Гу Циньнян отказалась от услуг возницы из Цуйюньлоу. Прижимая к себе цинь, который был ей дороже жизни, она в одиночестве стояла в конце Аллеи Румян. Она смотрела на темноту и тишину, словно принадлежавшие другому миру. До ее ушей доносились лишь слабые отголоски смеха и пения иволг. Долго она стояла так, обнимая свой цинь…
Цай Тяо открыл глаза и долго молча смотрел на паука на белом пологе от москитов над кроватью. Лишь когда дверь тихо скрипнула, он проворно откинул одеяло и надел одежду, к которой все еще не привык.
Одежда была похожа на ту, что он помнил из прошлой жизни. Штаны были без резинки, широкие и длинные, достававшие почти до его тощей груди. По словам Люй Тао, это было сделано для того, чтобы защитить живот от холода и болезней, но ему казалось, что это просто для удобства завязывания шелкового пояса.
Штаны были широкими, носки — тоже. Хоть и великоваты, но очень удобные.
Штаны были широкими, и верхняя одежда — тоже. Это был халат с запахом направо (цзяолин южэнь). Надевать его было несложно, но вот завязывать тесемки он так и не научился. Много раз он затягивал их в мертвые узлы или завязывал криво, что выглядело очень некрасиво.
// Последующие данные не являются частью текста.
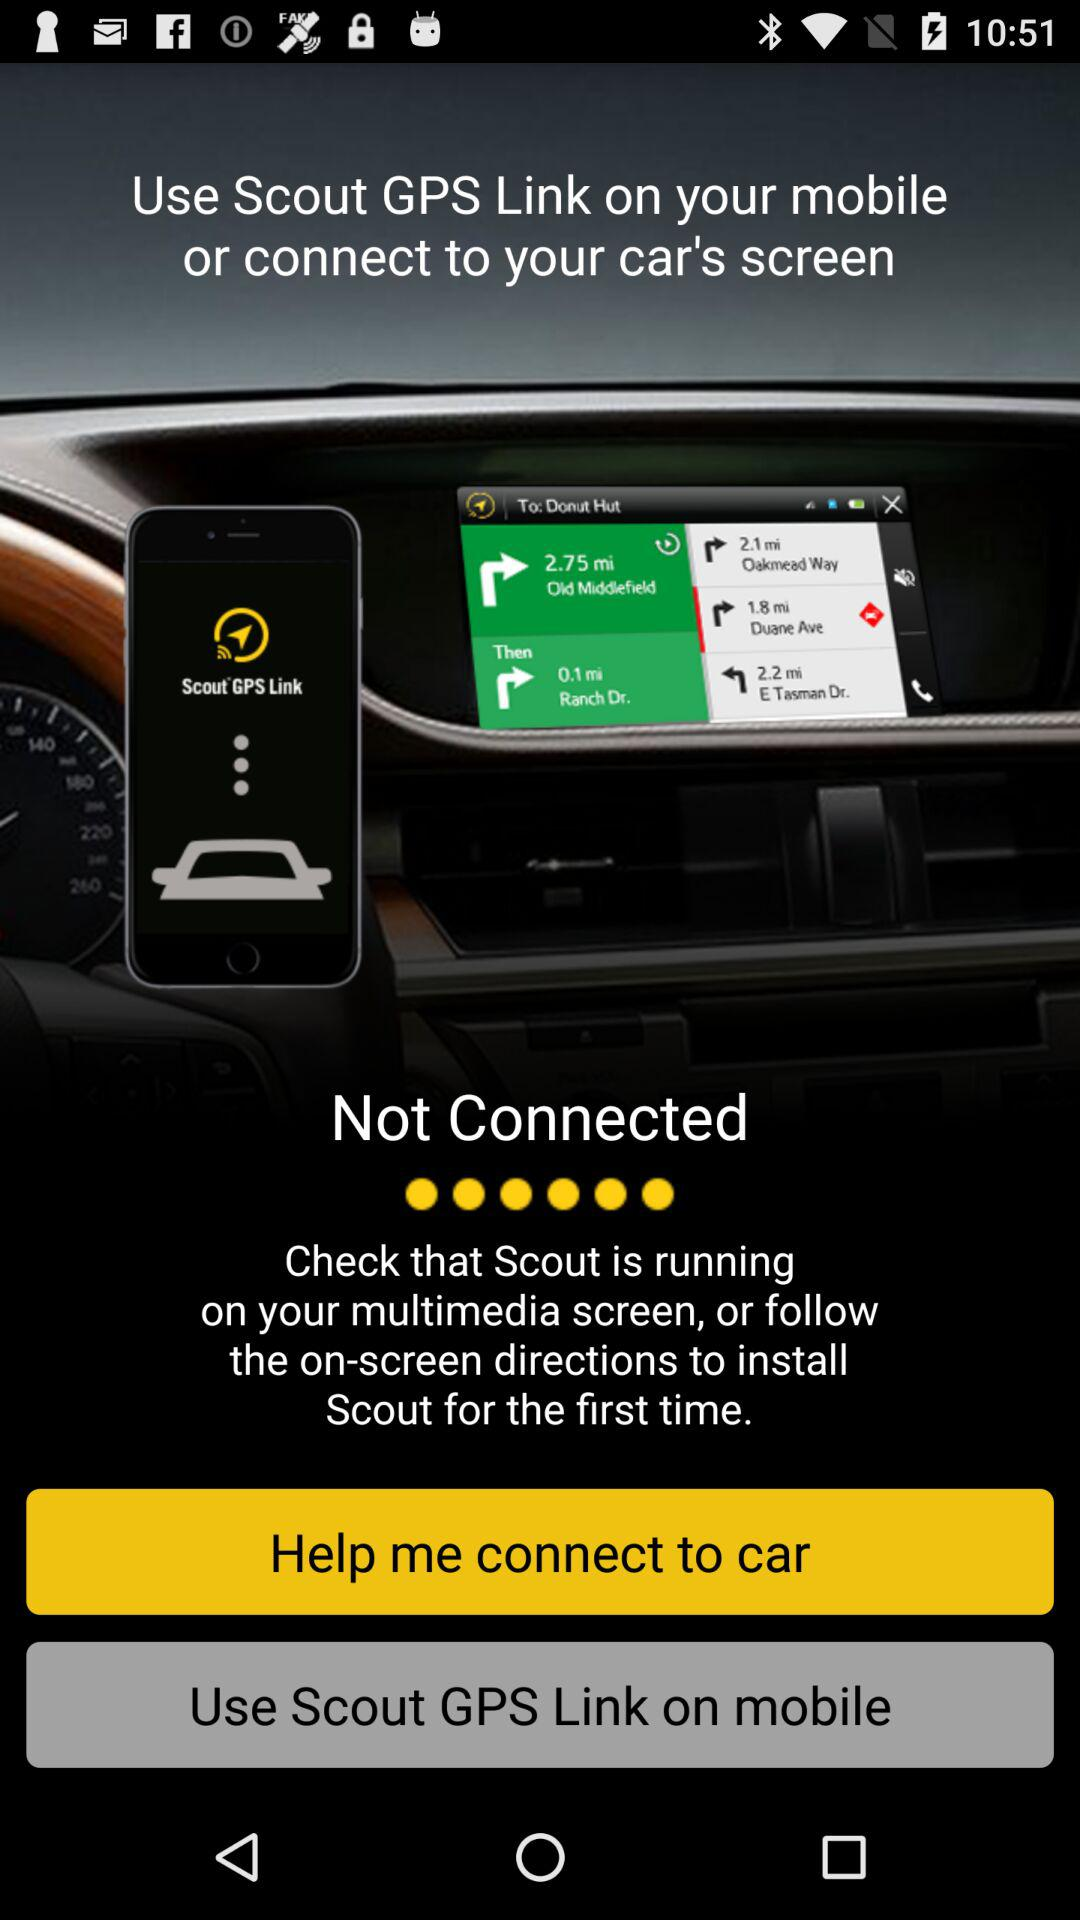What is the name of the application? The name of the application is "Scout GPS Link". 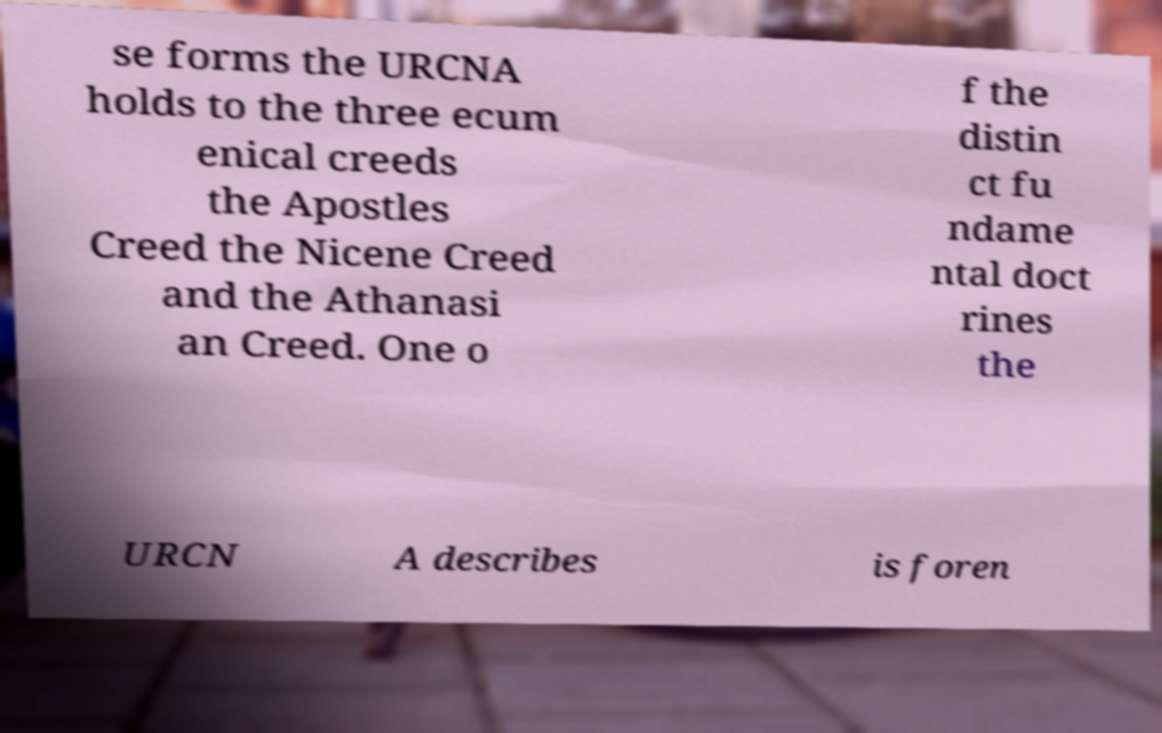Please read and relay the text visible in this image. What does it say? se forms the URCNA holds to the three ecum enical creeds the Apostles Creed the Nicene Creed and the Athanasi an Creed. One o f the distin ct fu ndame ntal doct rines the URCN A describes is foren

Каждый раз Люй Тао приходилось помогать ему. Разозлившись, он тайком проделал в одежде несколько дырок. Маленькая служанка рассердилась, пожаловалась госпоже Су и хотела зашить их…
Дырки так и не зашили, и одеваться ему стало проще. Он просто просовывал узелки шелковых лент в соответствующие прорехи, используя их вместо пуговиц. Теперь ему не нужно было беспокоиться о том, что он снова затянет мертвый узел или обмочит штаны.
Боясь, что он простудится, поверх черной нижней одежды и белых штанов ему приходилось надевать белый бэйцзы с розовой отделкой. Люй Тао была очень довольна его видом, но ему самому это казалось нелепым, особенно маленькая шапочка на голове, которая ему не нравилась. Уж лучше бы он был лысым.
Но как бы то ни было, они считали, что так и должно быть, и ему оставалось только смириться.
Люй Тао принесла таз с горячей водой, собираясь лично помочь ему умыться, чтобы он не облился. Это тоже его очень раздражало.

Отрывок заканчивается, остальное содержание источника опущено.